You should call ExecutorService.shutdown() and then ExecutorService.awaitTermination.
...
pool.shutdown();
if (pool.awaitTermination(<long>,<TimeUnit>)) {
// finished before timeout
doLotsOfThings(finsihedStuff);
} else {
// Timeout occured.
}
Try this:
pool.shutdown();
pool.awaitTermination(WHATEVER_TIMEOUT, TimeUnit.SECONDS);
Have you considered using the Fork/Join framework that is now included in Java 7. If you do not want to use Java 7 yet you can get the jar for it here.
public void threadReports( List<String> workQueue )
{
ExecutorService pool = Executors.newFixedThreadPool(someConst);
Set<Future<?>> futures = new HashSet<Future<?>>();
for ( int i = 0; i < modules.size(); i++ )
{
futures.add(pool.submit(threads.get(i)));
}
while( !futures.isEmpty() )
{
Set<Future<?>> removed = new Set<Future<?>>();
for(Future<?> f : futures) {
f.get(100, TimeUnit.MILLISECONDS);
if(f.isDone()) removed.add(f);
}
for(Future<?> f : removed) futures.remove(f);
}
doLotsOfThings(finsihedStuff); // finishedStuff is the global the Runnables write to
}
shutdownis a lifecycle method of the ExecutorService and renders the executor unusable after the call. Creating and destroying ThreadPools in a method is as bad as creating/destroying threads: it pretty much defeats the purpose of using threadpool, which is to reduce the overhead of thread creation by enabling transparent reuse.

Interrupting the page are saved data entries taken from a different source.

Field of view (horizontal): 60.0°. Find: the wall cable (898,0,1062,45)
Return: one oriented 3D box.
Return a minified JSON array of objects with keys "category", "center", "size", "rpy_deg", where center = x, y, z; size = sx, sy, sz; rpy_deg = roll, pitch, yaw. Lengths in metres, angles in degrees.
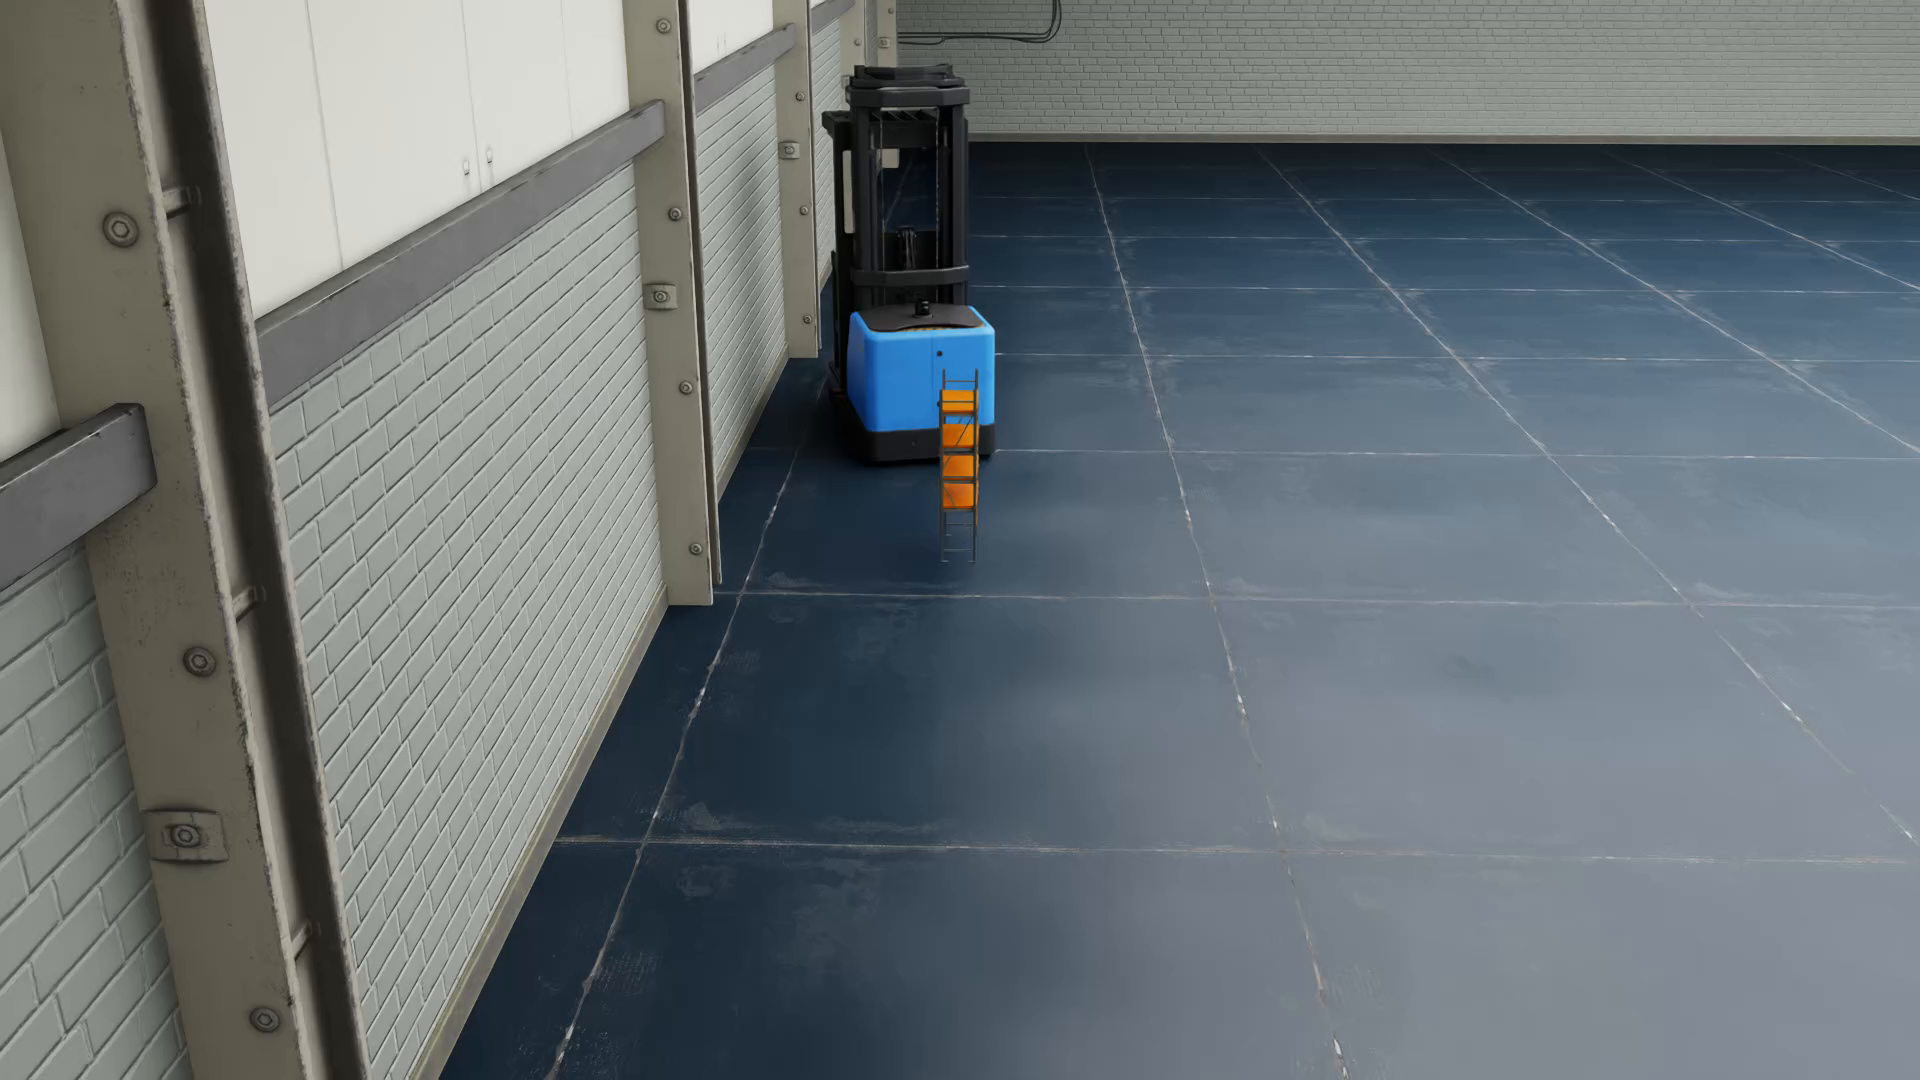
[{"category":"wall cable","center":[0.247,-9.968,29.072],"size":[3.097,2.526,0.112],"rpy_deg":[1,21,2]}]

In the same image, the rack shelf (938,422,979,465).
[{"category":"rack shelf","center":[-0.005,-0.645,11.101],"size":[0.258,0.148,0.480],"rpy_deg":[1,21,2]}]

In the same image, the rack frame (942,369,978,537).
[{"category":"rack frame","center":[0.002,-0.588,11.385],"size":[0.240,1.200,0.015],"rpy_deg":[1,21,2]}]

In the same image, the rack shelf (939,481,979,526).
[{"category":"rack shelf","center":[-0.005,-0.252,11.254],"size":[0.258,0.148,0.480],"rpy_deg":[1,21,2]}]

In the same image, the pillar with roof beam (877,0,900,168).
[{"category":"pillar with roof beam","center":[3.139,-10.318,25.681],"size":[9.100,9.000,0.400],"rpy_deg":[1,21,2]}]

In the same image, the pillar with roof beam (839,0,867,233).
[{"category":"pillar with roof beam","center":[2.956,-8.148,20.090],"size":[9.100,9.000,0.400],"rpy_deg":[1,21,2]}]

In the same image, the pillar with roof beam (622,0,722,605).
[{"category":"pillar with roof beam","center":[2.591,-3.810,8.907],"size":[9.100,9.000,0.400],"rpy_deg":[1,21,2]}]

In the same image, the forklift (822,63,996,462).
[{"category":"forklift","center":[-0.526,-2.475,13.857],"size":[1.130,2.935,3.031],"rpy_deg":[-4,22,-11]}]

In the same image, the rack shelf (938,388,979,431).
[{"category":"rack shelf","center":[-0.005,-0.866,11.015],"size":[0.258,0.148,0.480],"rpy_deg":[1,21,2]}]

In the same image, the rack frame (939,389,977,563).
[{"category":"rack frame","center":[-0.012,-0.411,10.930],"size":[0.240,1.200,0.015],"rpy_deg":[1,21,2]}]

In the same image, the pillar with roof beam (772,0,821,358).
[{"category":"pillar with roof beam","center":[2.774,-5.979,14.499],"size":[9.100,9.000,0.400],"rpy_deg":[1,21,2]}]

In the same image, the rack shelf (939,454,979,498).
[{"category":"rack shelf","center":[-0.005,-0.437,11.182],"size":[0.258,0.148,0.480],"rpy_deg":[1,21,2]}]

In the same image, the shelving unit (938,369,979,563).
[{"category":"shelving unit","center":[-0.005,-0.500,11.158],"size":[0.258,1.200,0.503],"rpy_deg":[1,21,2]}]

If possible, you should maintain your ExecutorService lifecycle in sync with your application. - create when first needed, shutdown when your app is closing down.
To achieve your goal of executing a bunch of tasks and waiting for them, the ExecutorService provides the method invokeAll(Collection<? extends Callable<T>> tasks) (and the version with timeout if you want to wait a specific period of time.)
Using this method and some of the points mentioned above, the code in question becomes:
public void threadReports( List<String> workQueue ) {
List<MyRunnable> runnables = new ArrayList<MyRunnable>(workQueue.size());
for (String work:workQueue) {
runnables.add(new MyRunnable(work));
}
// Executor is obtained from some applicationContext that takes care of lifecycle mgnt
// invokeAll(...) will block and return when all callables are executed
List<Future<MyRunnable>> results = applicationContext.getExecutor().invokeAll(runnables);
// I wouldn't use a global variable unless you have a VERY GOOD reason for that.
// b/c all the threads of the pool doing work will be contending for the lock on that variable.
// doLotsOfThings(finishedStuff);
// Note that the List of Futures holds the individual results of each execution.
// That said, the preferred way to harvest your results would be:
doLotsOfThings(results);
}
PS: Not sure why threadReports is void. It could/should return the calculation of doLotsOfThings to achieve a more functional design.